An economic boom during the Second World War drew massive numbers of Africans into industrial centres on the Witwatersrand and other urban areas. By 1946 there were almost as many Africans living in urban areas as whites, most of them crammed into slums and shantytowns. Census figures in 1946 reminded whites that they were a declining proportion of the population. Since 1910 the white population had increased by little more than a million to 2.4 million, whereas the non-white population had expanded by nearly 4.5 million to 9 million. The mood of the African population, moreover, was becoming ever more militant.

As prime minister, Jan Smuts struggled to find an effective policy for dealing with the swart gevaar. The impression he gave to an increasingly worried white electorate was that his government was beginning to lose control of the black population and, what was worse, lacked the will to restore control.

Malan’s National Party, meanwhile, put forward a plan which it claimed provided a permanent solution to the problem: apartheid. Only total racial separation, it argued, would ensure white survival. In the 1948 election, the National Party won a narrow victory. ‘For the first time since Union,’ declared Malan on taking office as prime minister, ‘South Africa is our own, and may God grant that it will always remain so.’>

At the time, South Africa’s racial policies differed in detail rather than in essence from the discriminatory practices employed elsewhere in Africa under European rule.
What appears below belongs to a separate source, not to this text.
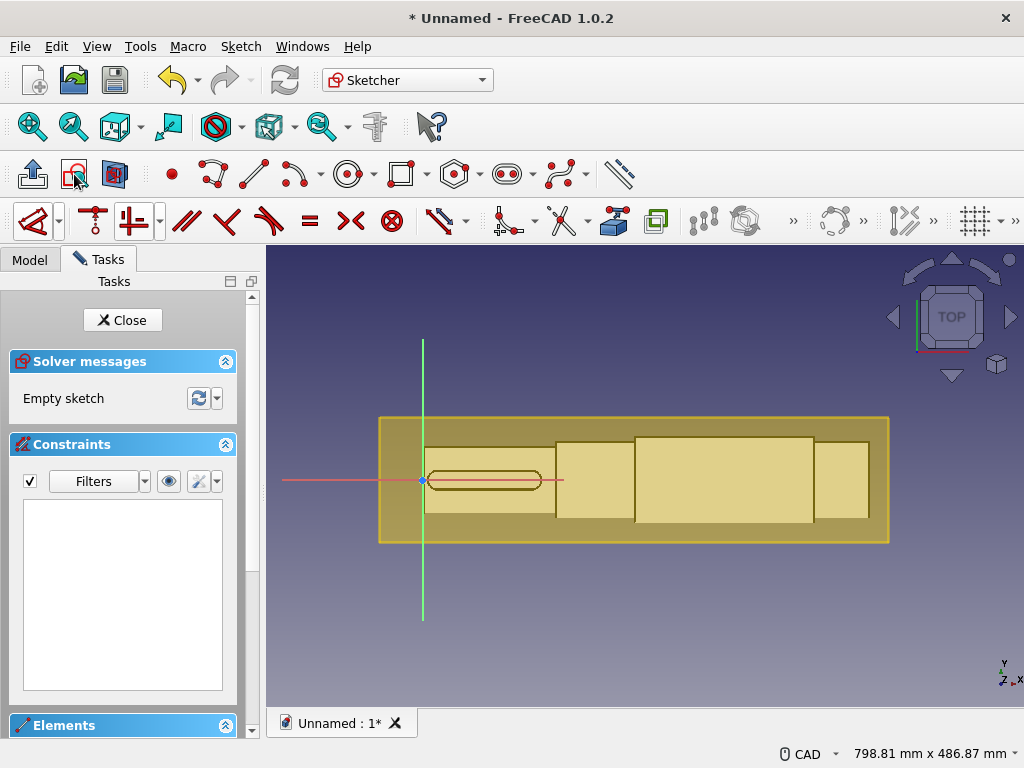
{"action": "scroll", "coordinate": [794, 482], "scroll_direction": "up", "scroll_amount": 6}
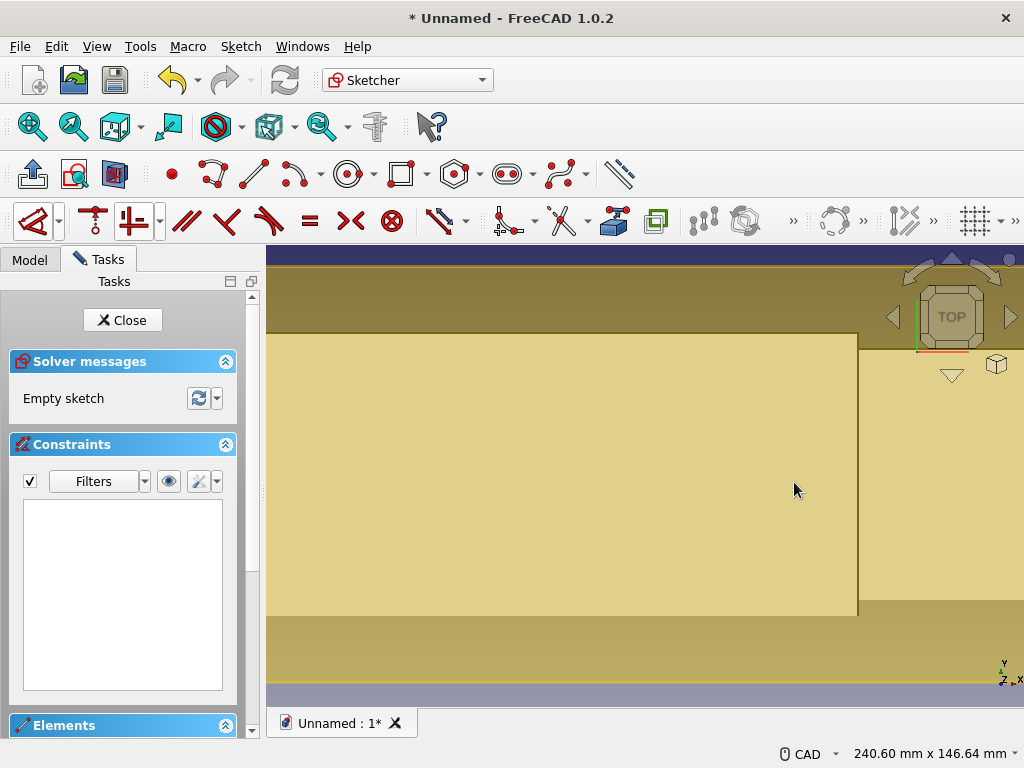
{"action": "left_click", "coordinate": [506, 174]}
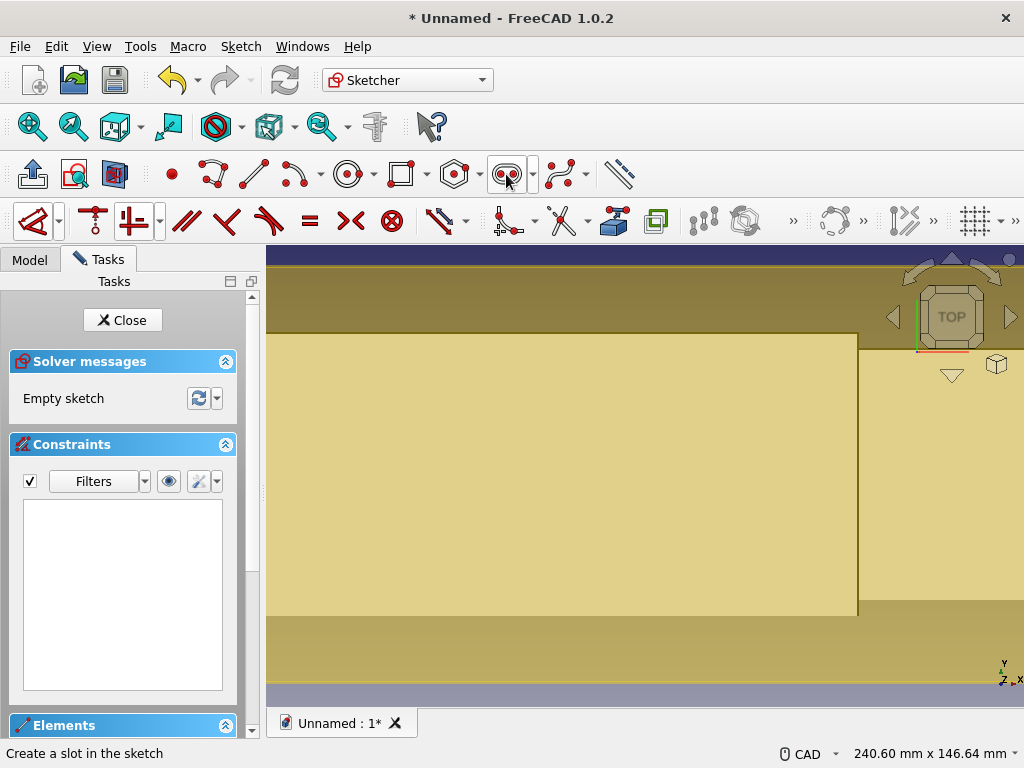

But once in power, Afrikaner nationalists proceeded to construct the most elaborate racial edifice the world has ever seen - a vast apparatus of laws and controls to enforce white supremacy. Under the apartheid system, every facet of African life - residence, employment, education, public amenities and politics - was regulated to ensure their subordination.

In their quest for political rights, the black opposition tried public protests, petitions, passive resistance, boycotts and eventually sabotage, guerrilla warfare and urban insurrection. Their struggle lasted for much of the twentieth century. It was not until 1994, after years of internal strife, that South Africa’s first democratic elections were held and Nelson Mandela became president of a democratic government.